GOAL OF THE EXERCISE. A verbatim transcript of the lines below, starting at the first and ending with the one that holds "-46.25), (-86.9215674227, -31.6368632576))", is what should be produced.

*** Opening of INFORMATION SHOWN ***

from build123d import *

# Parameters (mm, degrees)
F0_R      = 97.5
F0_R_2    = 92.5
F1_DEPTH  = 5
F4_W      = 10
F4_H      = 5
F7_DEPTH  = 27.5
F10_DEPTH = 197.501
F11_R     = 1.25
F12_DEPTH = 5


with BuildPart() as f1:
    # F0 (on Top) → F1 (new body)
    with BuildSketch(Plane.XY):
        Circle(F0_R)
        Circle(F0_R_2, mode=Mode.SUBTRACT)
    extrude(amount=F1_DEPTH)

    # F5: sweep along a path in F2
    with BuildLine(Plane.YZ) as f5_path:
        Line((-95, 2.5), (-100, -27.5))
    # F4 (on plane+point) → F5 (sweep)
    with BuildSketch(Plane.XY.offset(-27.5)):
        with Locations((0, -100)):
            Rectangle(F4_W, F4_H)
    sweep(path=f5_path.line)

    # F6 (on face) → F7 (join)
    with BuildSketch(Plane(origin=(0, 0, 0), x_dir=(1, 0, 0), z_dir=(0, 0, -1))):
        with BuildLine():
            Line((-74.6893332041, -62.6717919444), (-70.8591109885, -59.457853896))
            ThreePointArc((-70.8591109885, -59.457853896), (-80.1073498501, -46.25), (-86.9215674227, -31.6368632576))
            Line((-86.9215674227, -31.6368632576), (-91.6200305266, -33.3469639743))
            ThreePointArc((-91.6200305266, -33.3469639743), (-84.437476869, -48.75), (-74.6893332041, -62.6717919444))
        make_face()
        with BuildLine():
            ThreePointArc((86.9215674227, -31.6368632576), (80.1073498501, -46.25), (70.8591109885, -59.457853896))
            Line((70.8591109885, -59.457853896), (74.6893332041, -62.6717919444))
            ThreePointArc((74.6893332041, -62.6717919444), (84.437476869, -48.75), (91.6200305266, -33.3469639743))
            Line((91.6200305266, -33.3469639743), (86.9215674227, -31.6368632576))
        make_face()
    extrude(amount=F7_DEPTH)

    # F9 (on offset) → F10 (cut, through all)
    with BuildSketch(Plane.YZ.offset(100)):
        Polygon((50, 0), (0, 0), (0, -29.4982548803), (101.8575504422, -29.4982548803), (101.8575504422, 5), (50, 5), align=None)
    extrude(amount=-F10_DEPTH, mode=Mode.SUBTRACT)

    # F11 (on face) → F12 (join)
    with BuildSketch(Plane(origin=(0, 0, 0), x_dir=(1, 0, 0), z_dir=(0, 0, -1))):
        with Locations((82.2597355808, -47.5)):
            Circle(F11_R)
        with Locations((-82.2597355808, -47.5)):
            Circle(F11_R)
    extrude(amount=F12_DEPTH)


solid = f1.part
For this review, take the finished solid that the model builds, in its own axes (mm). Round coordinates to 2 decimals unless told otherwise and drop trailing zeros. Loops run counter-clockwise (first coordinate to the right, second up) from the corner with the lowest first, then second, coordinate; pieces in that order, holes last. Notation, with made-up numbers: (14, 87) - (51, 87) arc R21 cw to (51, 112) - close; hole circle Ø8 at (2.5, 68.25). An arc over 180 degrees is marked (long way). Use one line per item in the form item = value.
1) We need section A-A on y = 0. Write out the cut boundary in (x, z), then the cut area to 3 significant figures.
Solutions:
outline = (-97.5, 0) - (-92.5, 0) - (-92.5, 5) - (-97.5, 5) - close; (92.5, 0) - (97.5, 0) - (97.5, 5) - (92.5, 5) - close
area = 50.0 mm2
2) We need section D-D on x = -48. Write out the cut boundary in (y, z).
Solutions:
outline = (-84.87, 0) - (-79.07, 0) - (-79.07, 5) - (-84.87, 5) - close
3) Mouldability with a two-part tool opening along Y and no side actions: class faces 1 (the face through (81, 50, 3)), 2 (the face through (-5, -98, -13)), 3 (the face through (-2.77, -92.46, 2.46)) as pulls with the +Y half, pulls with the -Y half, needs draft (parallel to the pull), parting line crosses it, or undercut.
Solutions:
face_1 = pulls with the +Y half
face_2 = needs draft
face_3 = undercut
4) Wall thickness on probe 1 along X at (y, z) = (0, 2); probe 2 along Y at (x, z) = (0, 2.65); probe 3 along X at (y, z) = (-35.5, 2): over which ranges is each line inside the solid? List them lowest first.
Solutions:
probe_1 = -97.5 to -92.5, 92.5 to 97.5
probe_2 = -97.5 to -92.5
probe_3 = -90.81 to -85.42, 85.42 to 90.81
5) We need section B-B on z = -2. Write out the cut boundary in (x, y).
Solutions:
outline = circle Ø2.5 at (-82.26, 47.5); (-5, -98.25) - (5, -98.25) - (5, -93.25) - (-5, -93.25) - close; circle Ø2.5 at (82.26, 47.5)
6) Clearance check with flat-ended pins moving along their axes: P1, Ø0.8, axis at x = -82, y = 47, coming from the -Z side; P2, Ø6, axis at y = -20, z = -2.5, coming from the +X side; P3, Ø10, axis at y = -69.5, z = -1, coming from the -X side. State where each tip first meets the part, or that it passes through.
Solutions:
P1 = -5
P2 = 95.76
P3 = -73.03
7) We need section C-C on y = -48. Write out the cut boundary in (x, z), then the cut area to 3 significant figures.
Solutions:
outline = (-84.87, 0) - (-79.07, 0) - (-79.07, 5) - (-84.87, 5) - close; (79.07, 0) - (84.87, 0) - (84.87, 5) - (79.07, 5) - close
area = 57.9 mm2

*** Close of INFORMATION SHOWN ***

SOLUTION TO THIS EXERCISE.
from build123d import *

# Parameters (mm, degrees)
F0_R      = 97.5
F0_R_2    = 92.5
F1_DEPTH  = 5
F4_W      = 10
F4_H      = 5
F7_DEPTH  = 27.5
F10_DEPTH = 197.501
F11_R     = 1.25
F12_DEPTH = 5


with BuildPart() as f1:
    # F0 (on Top) → F1 (new body)
    with BuildSketch(Plane.XY):
        Circle(F0_R)
        Circle(F0_R_2, mode=Mode.SUBTRACT)
    extrude(amount=F1_DEPTH)

    # F5: sweep along a path in F2
    with BuildLine(Plane.YZ) as f5_path:
        Line((-95, 2.5), (-100, -27.5))
    # F4 (on plane+point) → F5 (sweep)
    with BuildSketch(Plane.XY.offset(-27.5)):
        with Locations((0, -100)):
            Rectangle(F4_W, F4_H)
    sweep(path=f5_path.line)

    # F6 (on face) → F7 (join)
    with BuildSketch(Plane(origin=(0, 0, 0), x_dir=(1, 0, 0), z_dir=(0, 0, -1))):
        with BuildLine():
            Line((-74.6893332041, -62.6717919444), (-70.8591109885, -59.457853896))
            ThreePointArc((-70.8591109885, -59.457853896), (-80.1073498501, -46.25), (-86.9215674227, -31.6368632576))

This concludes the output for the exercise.